Innovation, collaboration and bridge-making: national conference to… Leave a comment

The 16th National Rural Health Conference kicks off tomorrow (2 August) in Meeanjin/Brisbane with the theme, Bridging social distance; Rural health innovating and collaborating.

Dr Amy Coopes, who will cover the conference on 3 August for the Croakey Conference News Service, previews the #16nrhc discussions below.

Amy Coopes writes:

A crisis in rural healthcare – driven by funding and training models that are no longer fit for purpose and driven to breaking point by a looming exodus of medical professionals amid the pressures of the COVID-19 pandemic – will take centre stage this week at the National Rural Health Conference in Brisbane.

The three-day event, which is convened by the National Rural Health Alliance, will be the first such meeting since early 2019 – with some 700 delegates expected to attend – and comes at a pivotal time for rural, regional and remote health.

Some seven million Australians, roughly one-third of the populace, live in rural and remote areas, and they experience higher rates of hospitalisation, injury and early mortality compared to their urban counterparts, according to the Australian Institute of Health and Welfare.

They are typically a younger population with lower levels of educational attainment and employment, poorer income and higher costs of living, and less frequent use of and access to GP services.

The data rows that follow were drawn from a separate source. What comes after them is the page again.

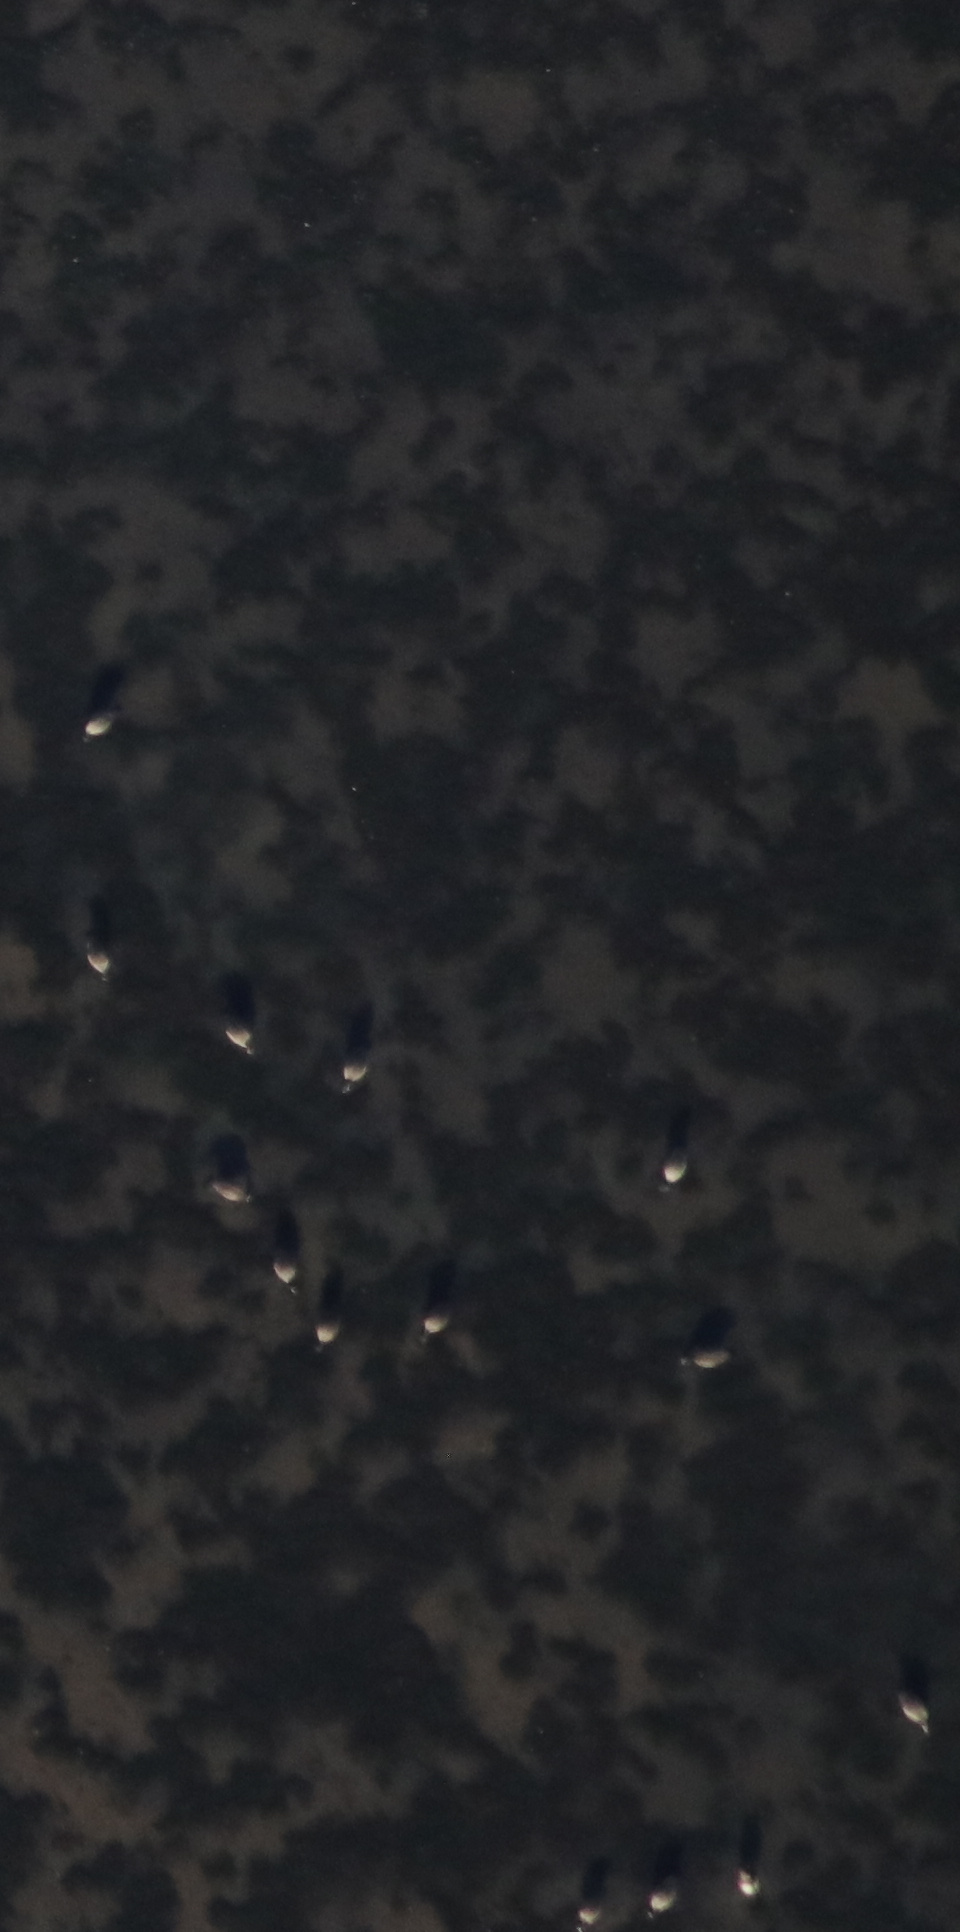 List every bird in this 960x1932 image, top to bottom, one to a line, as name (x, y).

Canada goose (100, 723)
Canada goose (104, 963)
Canada goose (244, 1035)
Canada goose (359, 1076)
Canada goose (669, 1171)
Canada goose (231, 1186)
Canada goose (286, 1273)
Canada goose (439, 1322)
Canada goose (327, 1331)
Canada goose (708, 1356)
Canada goose (919, 1714)
Canada goose (750, 1884)
Canada goose (663, 1904)
Canada goose (583, 1912)

This demographic is more likely to smoke, drink alcohol and suffer chronic conditions such as diabetes, arthritis and asthma.

The total burden of disease is 1.4 times higher in rural and remote areas than in metropolitan areas, the average life expectancy is reduced by up to three years and rural residents experience lower  rates of health screening.

Lung cancer, chronic obstructive pulmonary disease and suicide, along with land transport accidents feature more prominently in mortality data from rural and remote areas.

Rural and remote areas have the lowest five-year survival rates for cancer, and the highest incidence of uterine, cervical, liver and head and neck cancers, as well as malignancies of unknown primary.

While spared the worst in the pandemic’s first few years by virtue of geographic isolation – with the exception of very remote areas, where the AIHW says a high proportion of residents were affected – rural and regional health services are now under significant strain.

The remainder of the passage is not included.